_DATASET ENTRIES_.
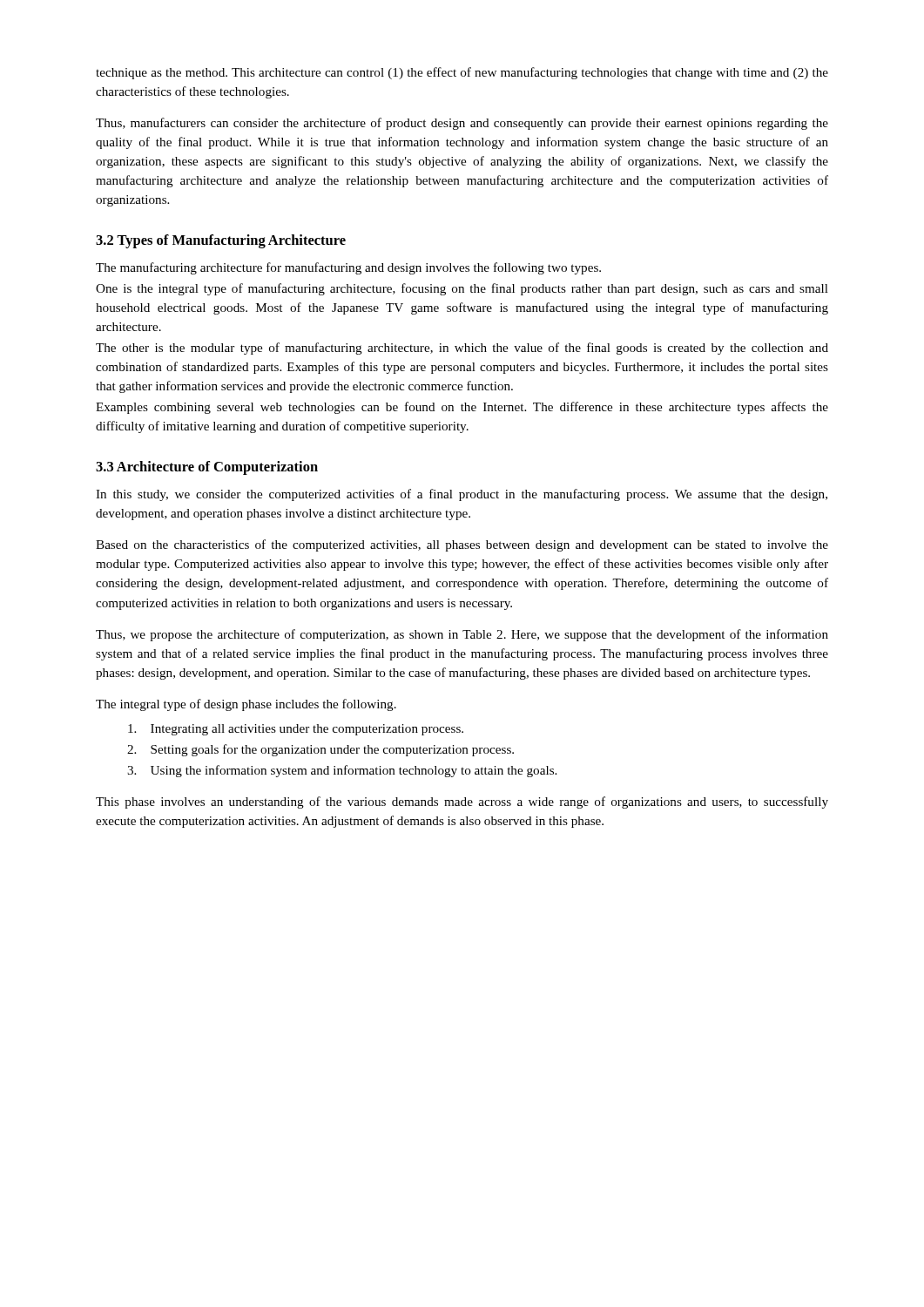Point to the passage starting "This phase involves an understanding of the various"
Viewport: 924px width, 1307px height.
[462, 811]
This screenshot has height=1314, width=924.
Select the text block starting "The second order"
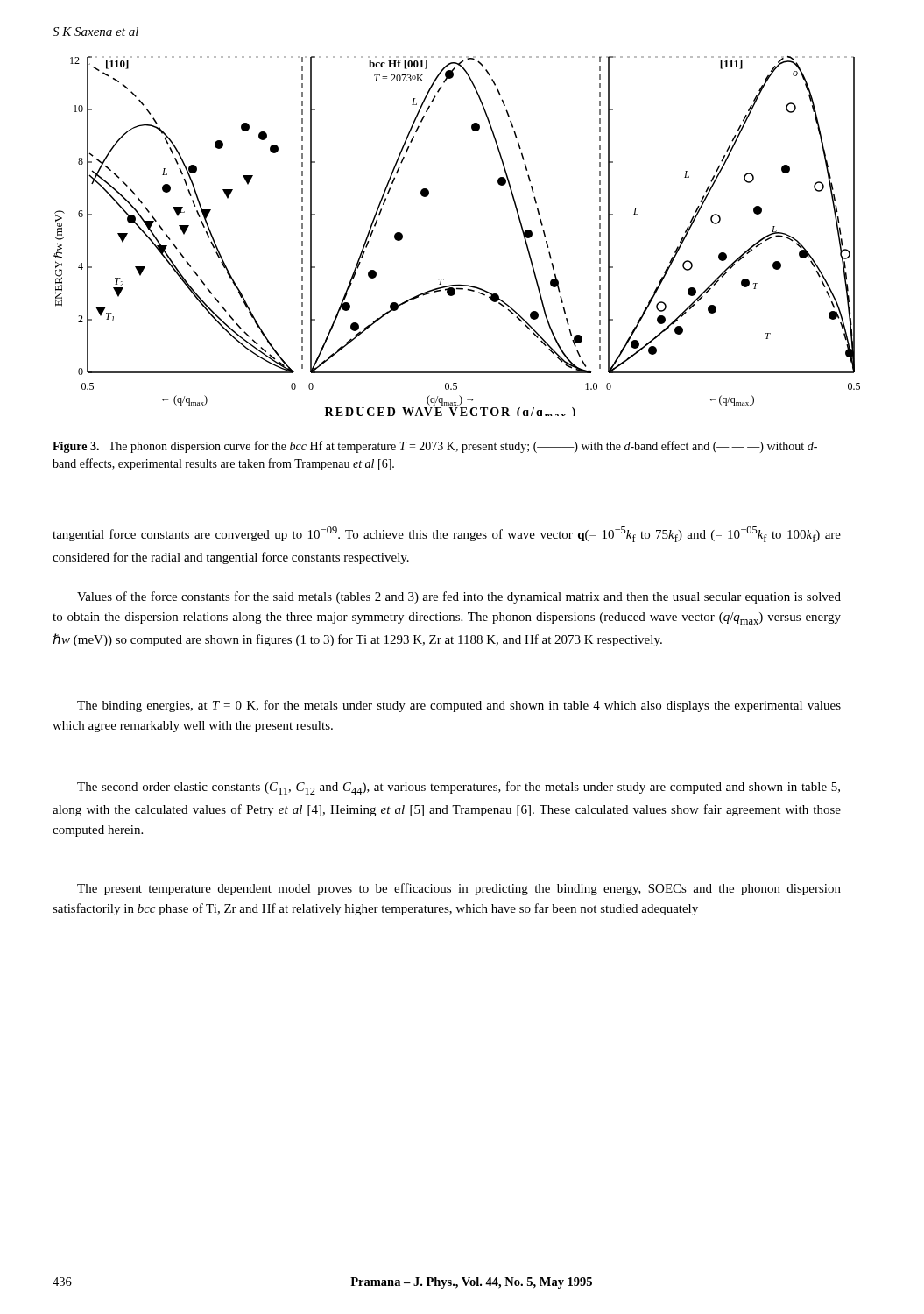click(x=447, y=808)
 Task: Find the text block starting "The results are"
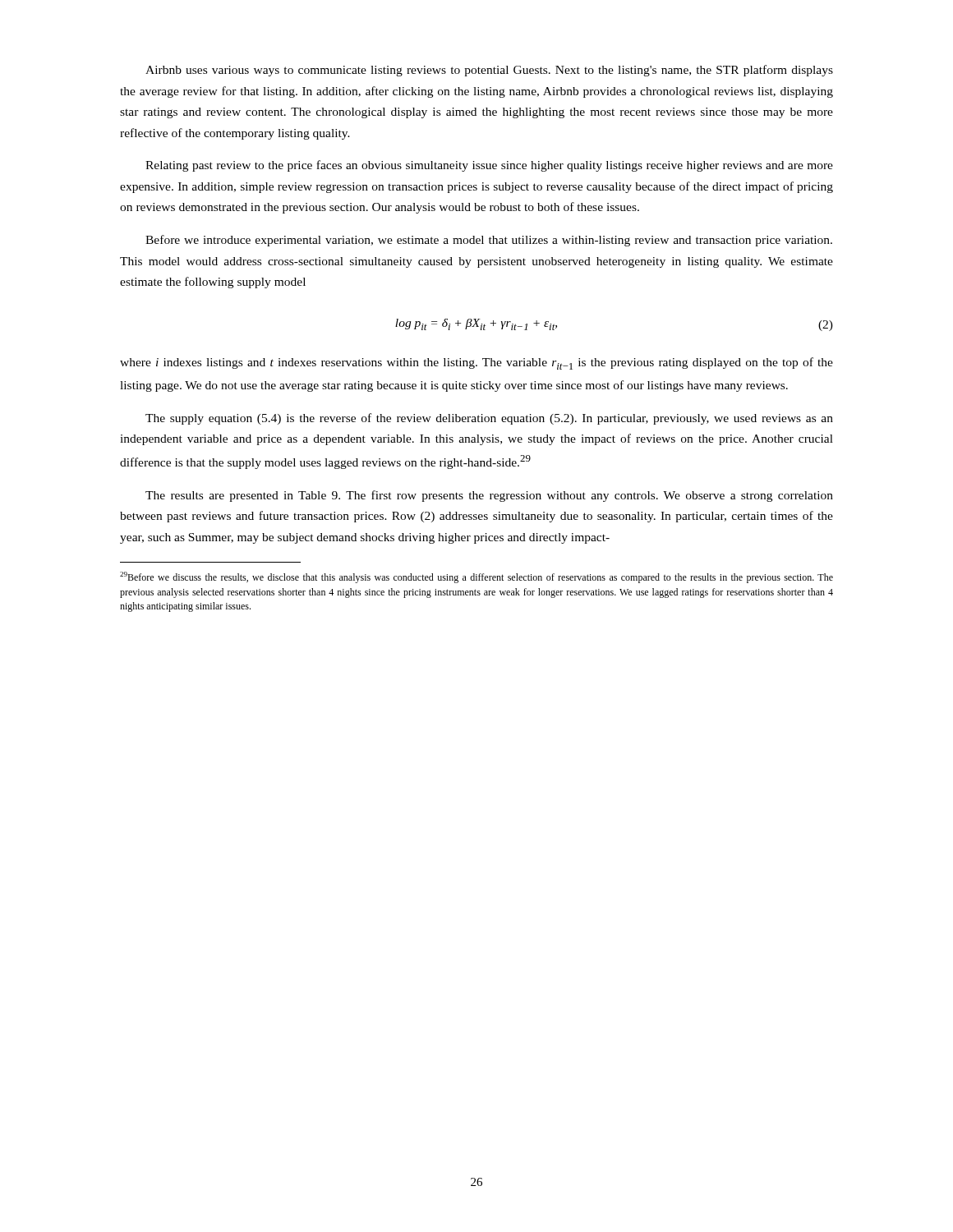coord(476,516)
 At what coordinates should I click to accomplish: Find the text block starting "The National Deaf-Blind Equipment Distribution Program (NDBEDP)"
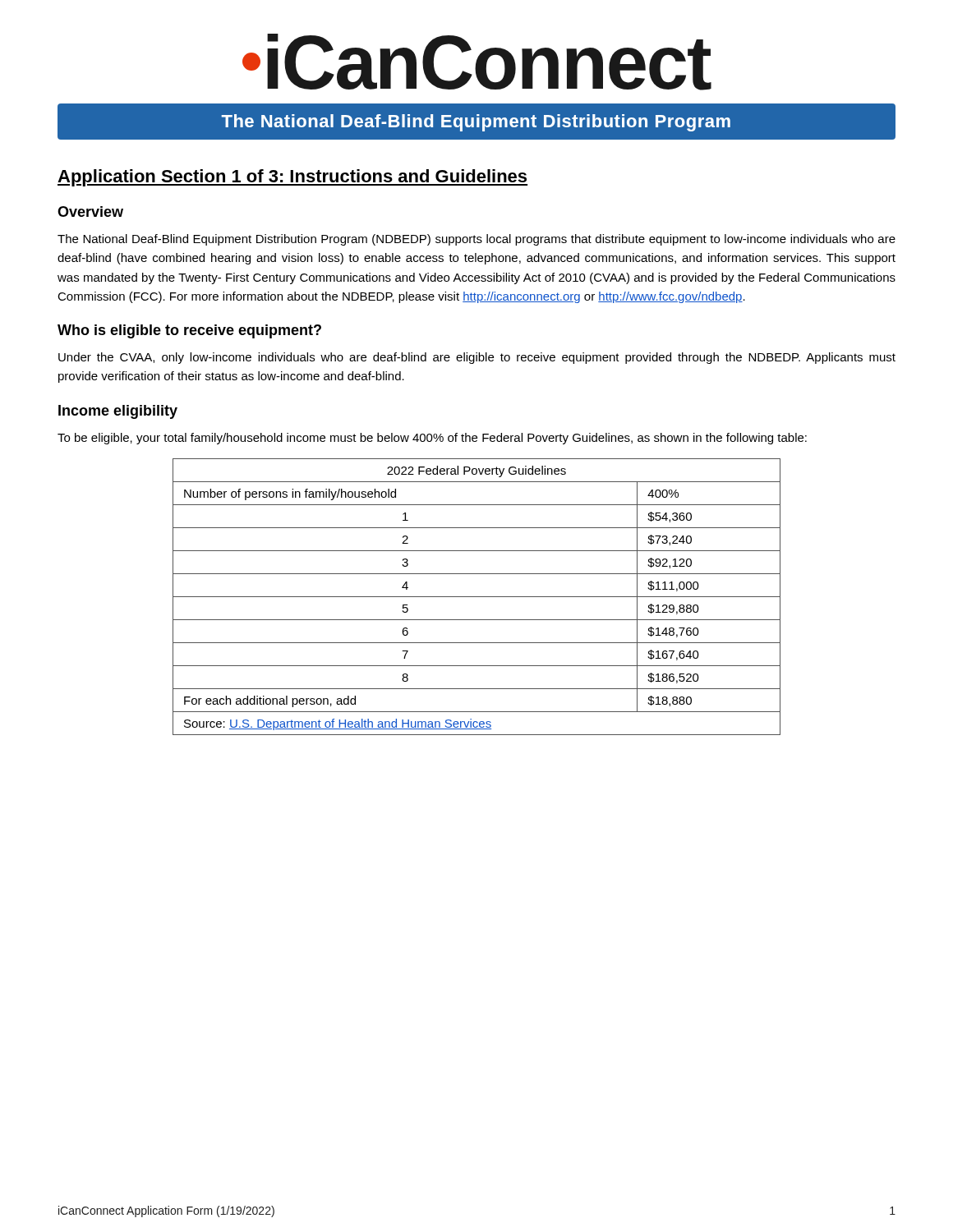pos(476,267)
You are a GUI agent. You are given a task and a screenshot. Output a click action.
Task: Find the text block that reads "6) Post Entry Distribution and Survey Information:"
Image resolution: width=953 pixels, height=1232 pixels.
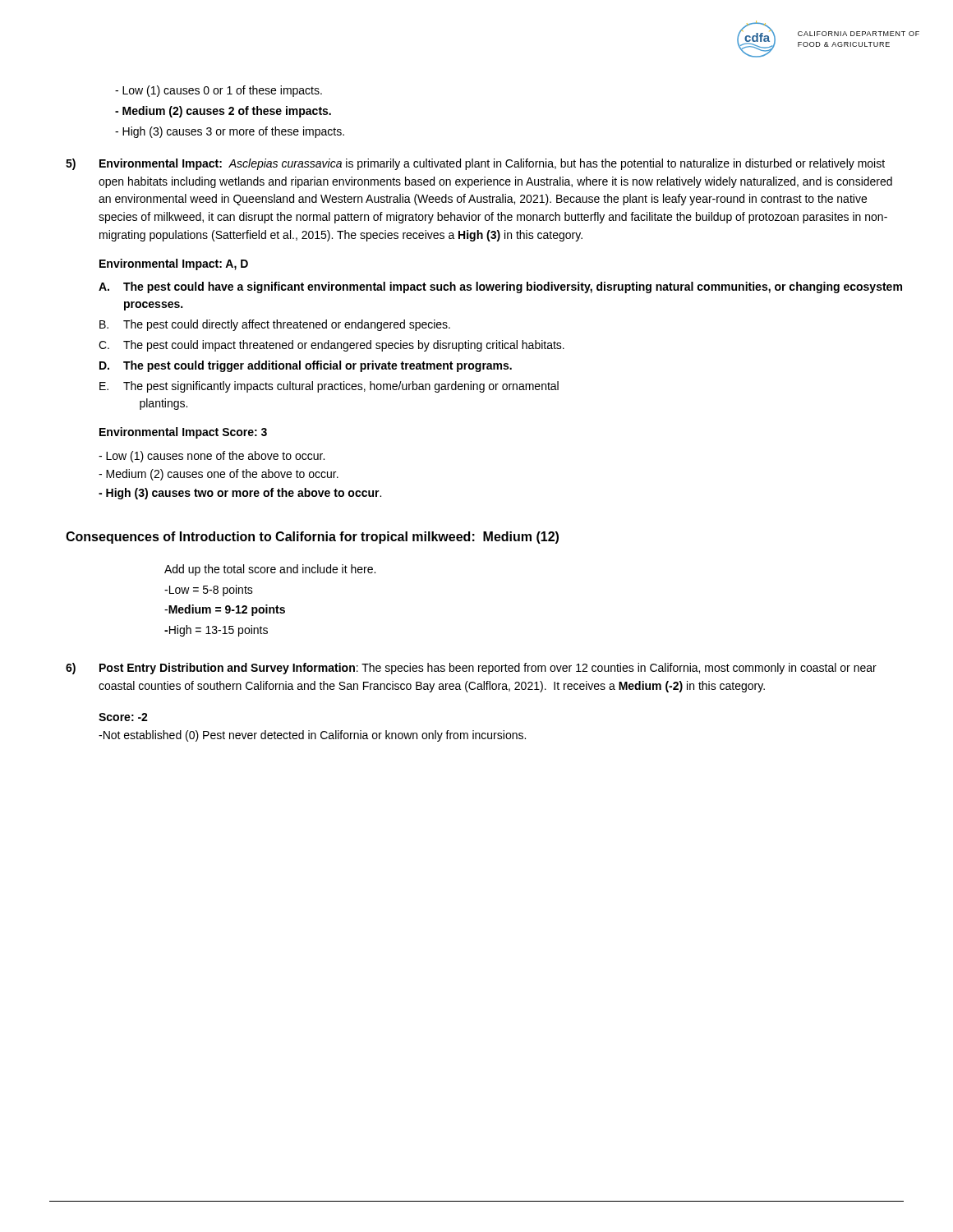pyautogui.click(x=485, y=678)
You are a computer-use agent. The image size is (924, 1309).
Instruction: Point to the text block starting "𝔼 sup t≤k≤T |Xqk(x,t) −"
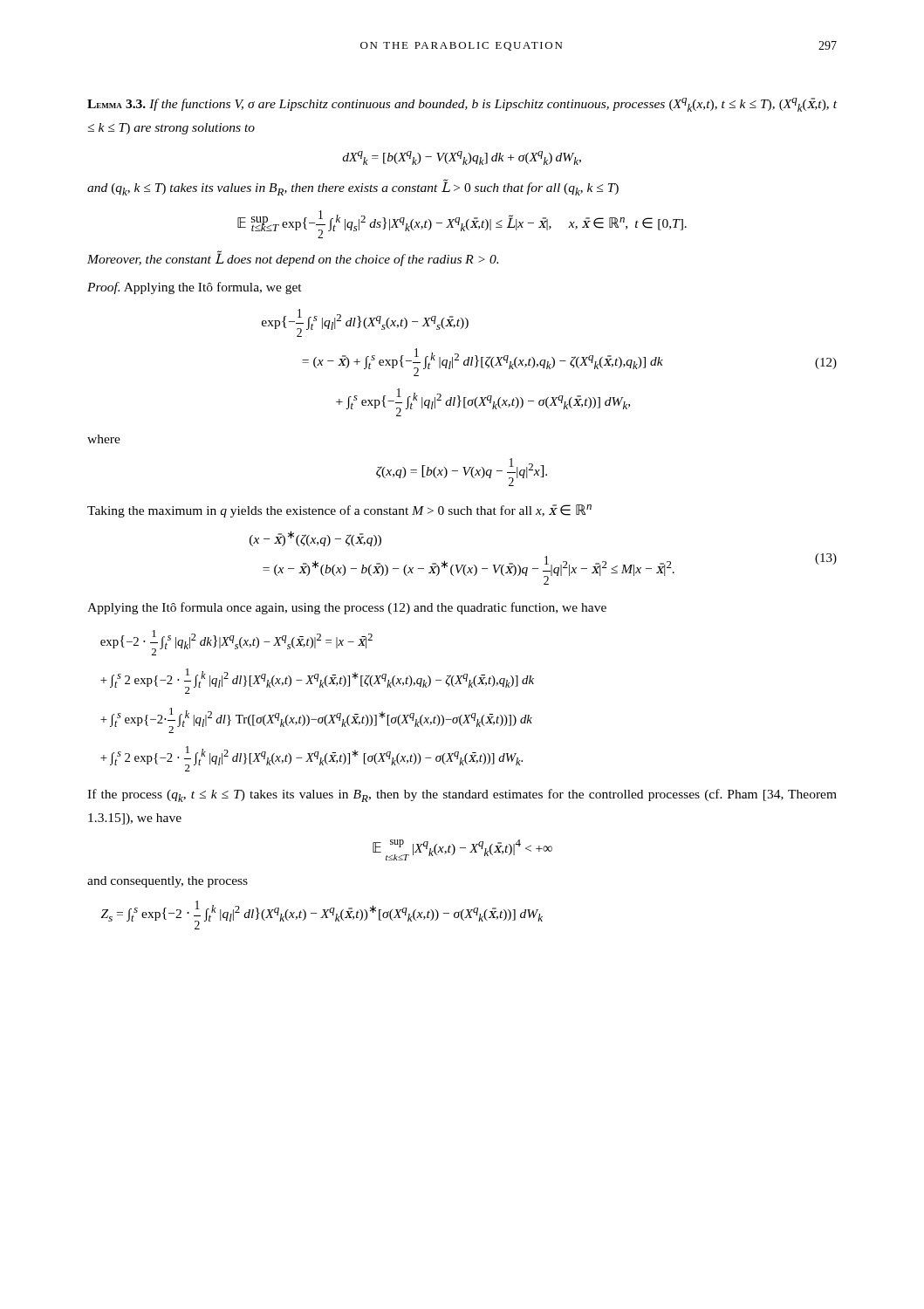462,849
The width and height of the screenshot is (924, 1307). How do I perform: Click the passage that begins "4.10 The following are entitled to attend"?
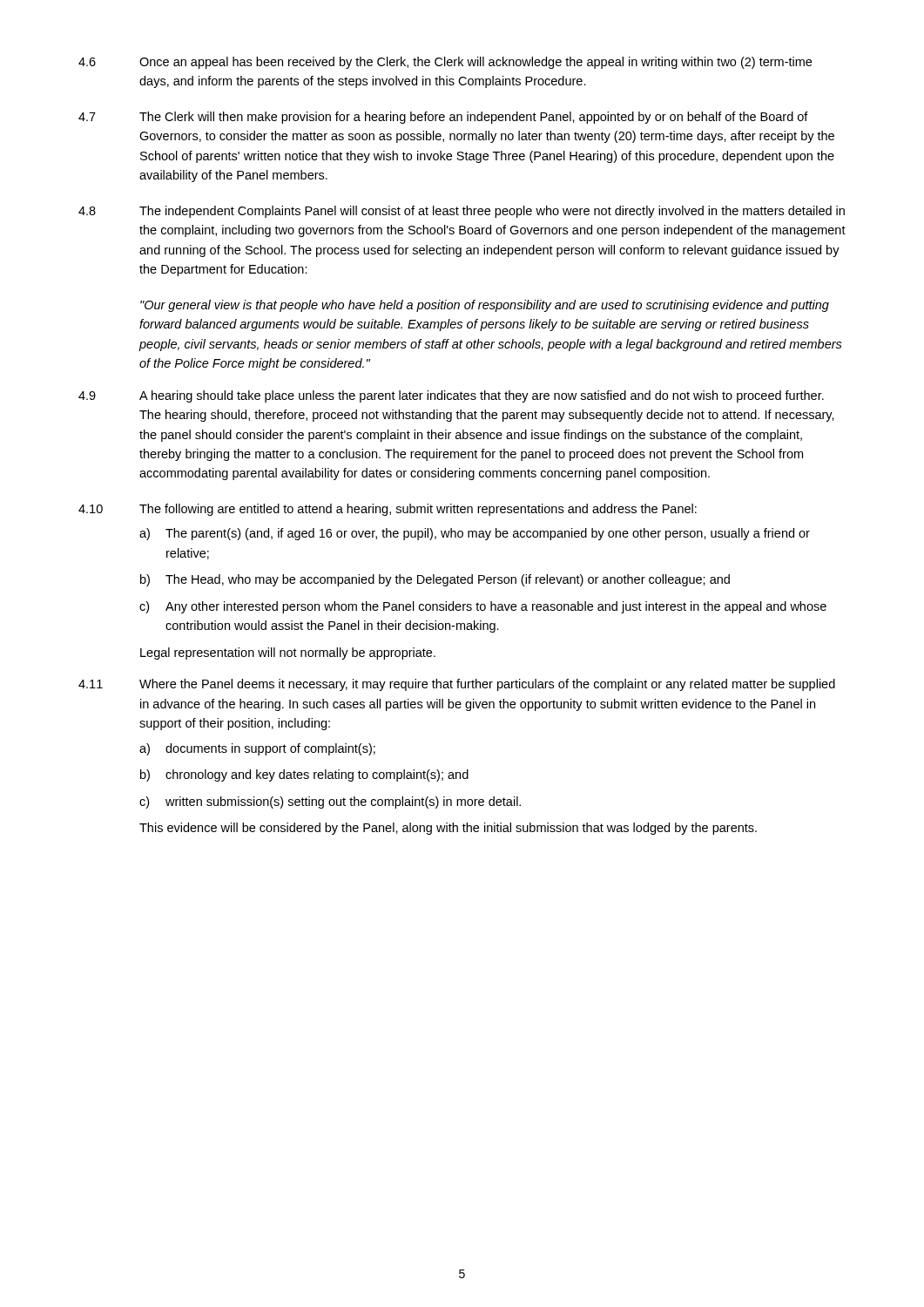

_WHAT THE TASK REQUIRES_. With pictures left out, repeat exactly the lines from the line bearing "This screenshot has height=1314, width=924." through the final line of the records above.

_EXERCISE OUTPUT_.
This screenshot has height=1314, width=924.
Select the text block starting "The second order"
click(x=447, y=808)
 Task: Find the text block starting "The results are"
coord(476,516)
 At what coordinates should I click to accomplish: Find the text block starting "The National Deaf-Blind Equipment Distribution Program (NDBEDP)"
pos(476,267)
You are a GUI agent. You are given a task and a screenshot. Output a click action.
Task: Find the text block that reads "6) Post Entry Distribution and Survey Information:"
Image resolution: width=953 pixels, height=1232 pixels.
pyautogui.click(x=485, y=678)
You are a computer-use agent. The image size is (924, 1309).
Instruction: Point to the text block starting "𝔼 sup t≤k≤T |Xqk(x,t) −"
462,849
The width and height of the screenshot is (924, 1307). How do I perform: Click the passage that begins "4.10 The following are entitled to attend"?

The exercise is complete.